Two years ago individuals were drawn by a leaflet [below] to the city centre church of Saint Stephen’s. So far their unfolding story, led by the cry ‘Abolish Empty Office Buildings, House People!’ has touched about fifty five people who have released their wealth to purchase shares (about £240,000 to date). AEOB hope that this will release about twelve others from the poverty trap of low income-high rent as they become self-builders and residents of their first converted ex-office, in East Bristol.

Want to help make the city more equal? Whether you think you’re rich or poor, come to the Saint Stephen’s Reconciliation Laboratory and share your story. Out of these hearings we hope a ‘research’ group of rich and poor people, explore together into 2013 how honest face to face meeting leads to personal and city-wide change

“Today salvation has come to this house” says Jesus of Zachaeus. The fruit of a reconciliation is wholeness (‘salve’ can be translated as ‘be whole’) in the body of the community, divided by oppressive practices and hate.

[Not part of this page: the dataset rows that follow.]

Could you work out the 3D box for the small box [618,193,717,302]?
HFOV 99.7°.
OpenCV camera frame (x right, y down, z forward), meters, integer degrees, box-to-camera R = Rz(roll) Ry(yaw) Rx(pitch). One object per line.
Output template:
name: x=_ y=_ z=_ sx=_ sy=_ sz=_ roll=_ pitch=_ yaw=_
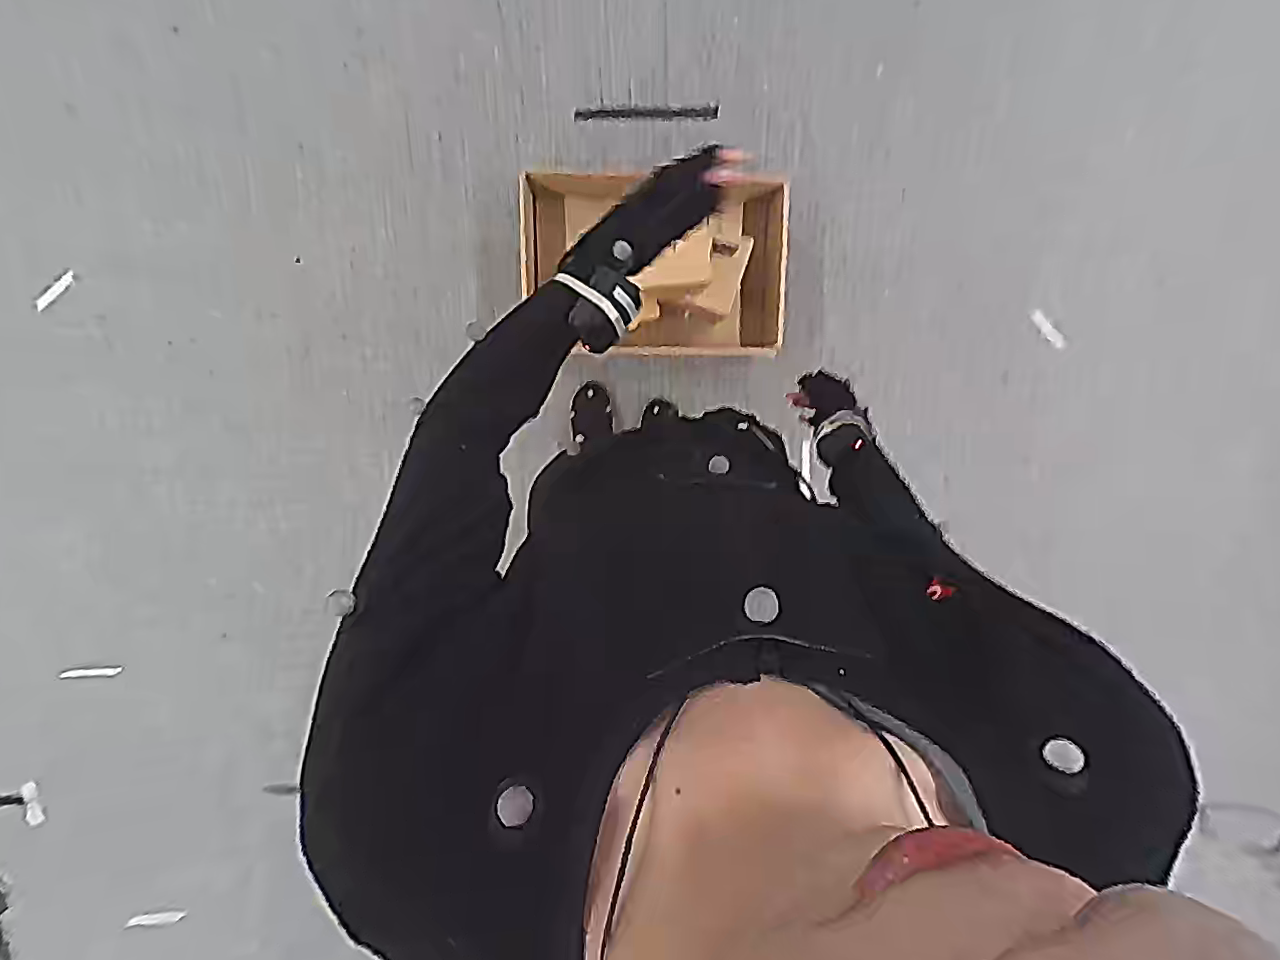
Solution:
small box: x=0.052 y=-0.480 z=1.135 sx=0.179 sy=0.176 sz=0.168 roll=-8 pitch=99 yaw=-2
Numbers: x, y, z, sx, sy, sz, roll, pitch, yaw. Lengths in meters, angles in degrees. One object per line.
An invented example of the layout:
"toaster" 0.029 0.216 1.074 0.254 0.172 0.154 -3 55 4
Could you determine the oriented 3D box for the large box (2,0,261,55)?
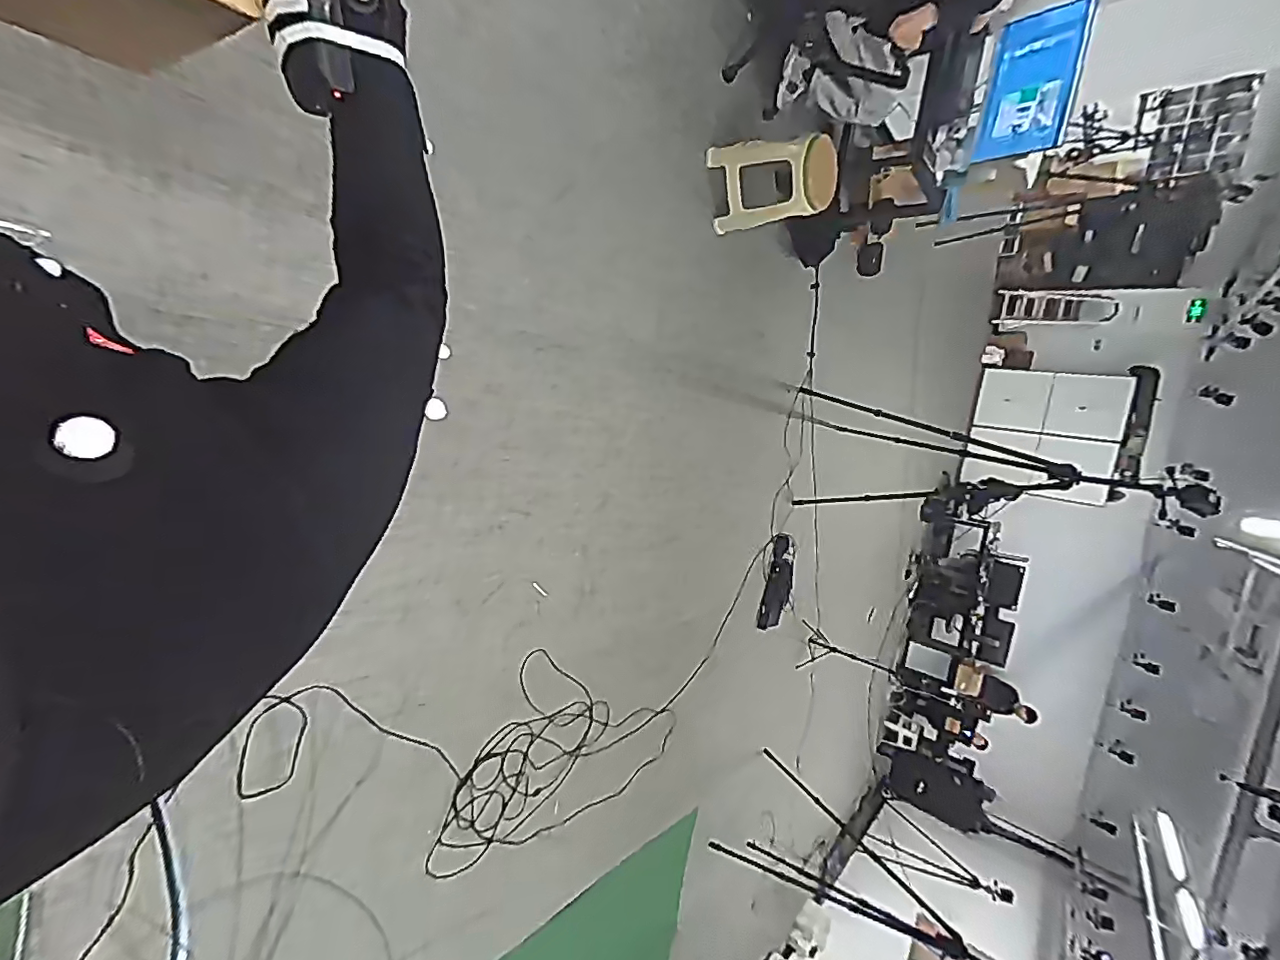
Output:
"large box" -0.470 -0.504 0.269 0.408 0.320 0.320 -8 115 -53
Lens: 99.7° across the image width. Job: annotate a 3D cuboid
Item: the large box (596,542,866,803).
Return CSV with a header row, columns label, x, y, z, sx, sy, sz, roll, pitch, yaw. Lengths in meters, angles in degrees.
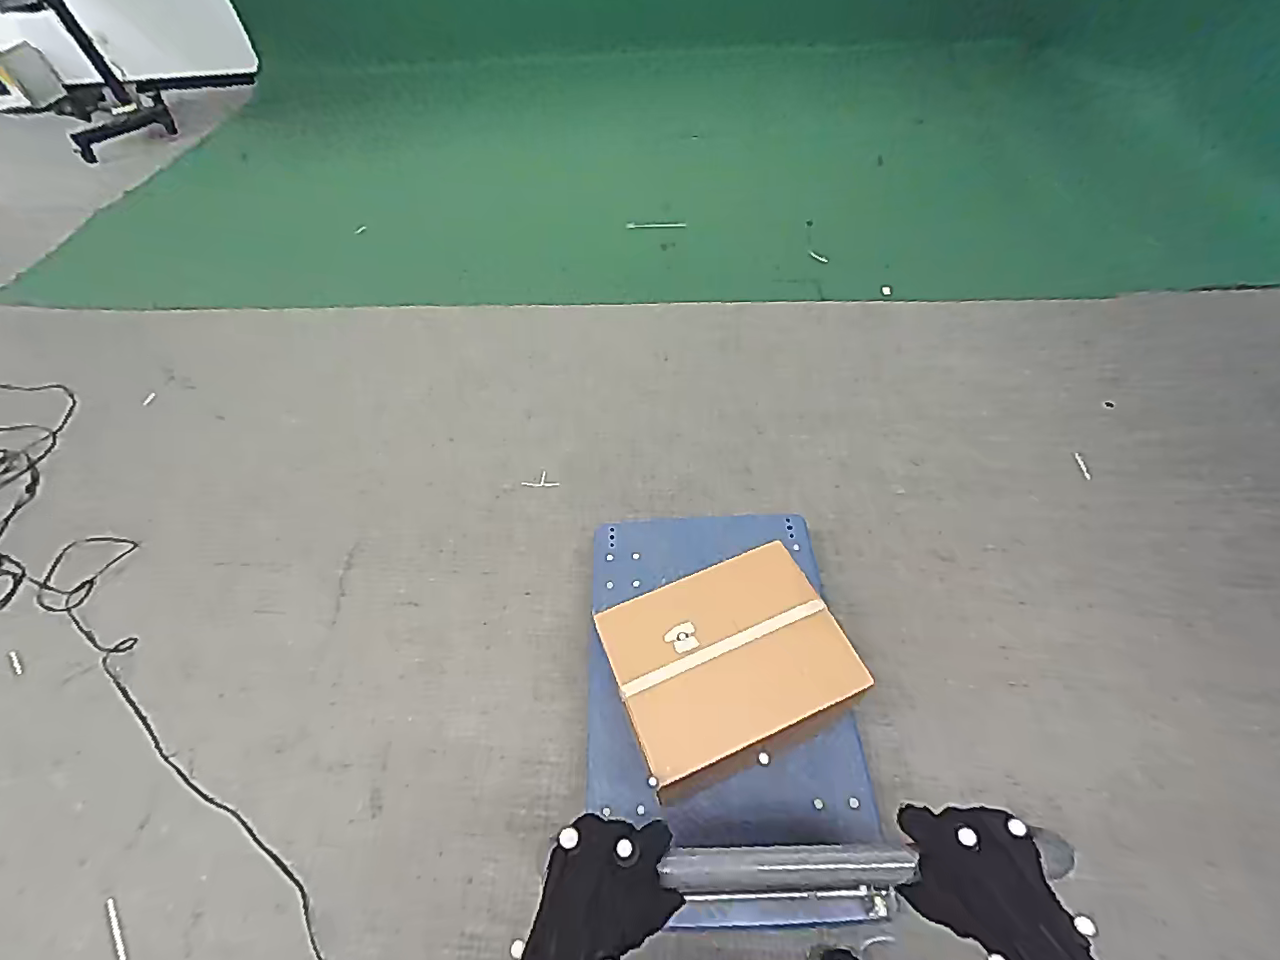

If reconciliation is ‘the activity whereby the disorders of existence are healed, its imbalances redressed, its alienations bridged over’ (Macquarrie, John. Principles of Christian Theology SCM 1977 p 268) then what was true for Zachaeus applies equally to the work of AEOB.

Prophets of old and campaigners new castigate the rich who react by barricading themselves behind ideologies (like neoliberalism) and launch offensives which blame the poor (benefit scroungers, immigrants, yobby activists and so on). Jesus may have been an angry prophet too but was more often an enticer. To be enticed away from your money by a promise of something even more precious, is that not more effective than declaring war on the rich?1

AEOB have been sending out their invites and offering their shares this past year (and still require more investment to complete the renovation). Their story began in a circle of people meeting in the church café which is a soft foot-fall away from what could be considered a sacred space. Methodists and Quakers may wince at the superstitious notion of sacred space but it’s still strong in Anglicanism. The space lies in front of the ‘Reconciliation Reredos’, a relief frieze, the work of both a Victorian sculptor and of African-Caribbean British artist Graeme Mortimer Evelyn (and Buddhist incidentally) on the wall behind the altar (an angel and Saint Stephen the martyr in this section).

The reredos was re-modelled to celebrate the two hundred years since the abolition of the slave trade, at least a step, arguably, towards healing of the social fabric. The significance of the location is that Saint Stephen’s is the historic church by the harbour from which hundreds of slavers left for the triangular trade.

And just as AEOB want to recondition unused dead office buildings into living community, so the unloved and vandalised Victorian reredos2, hidden for years behind a curtain has been transformed into the main icon of Saint Stephen’s Church, fixing gazes towards a deeper understanding of the life and reconciling purpose of Jesus Christ.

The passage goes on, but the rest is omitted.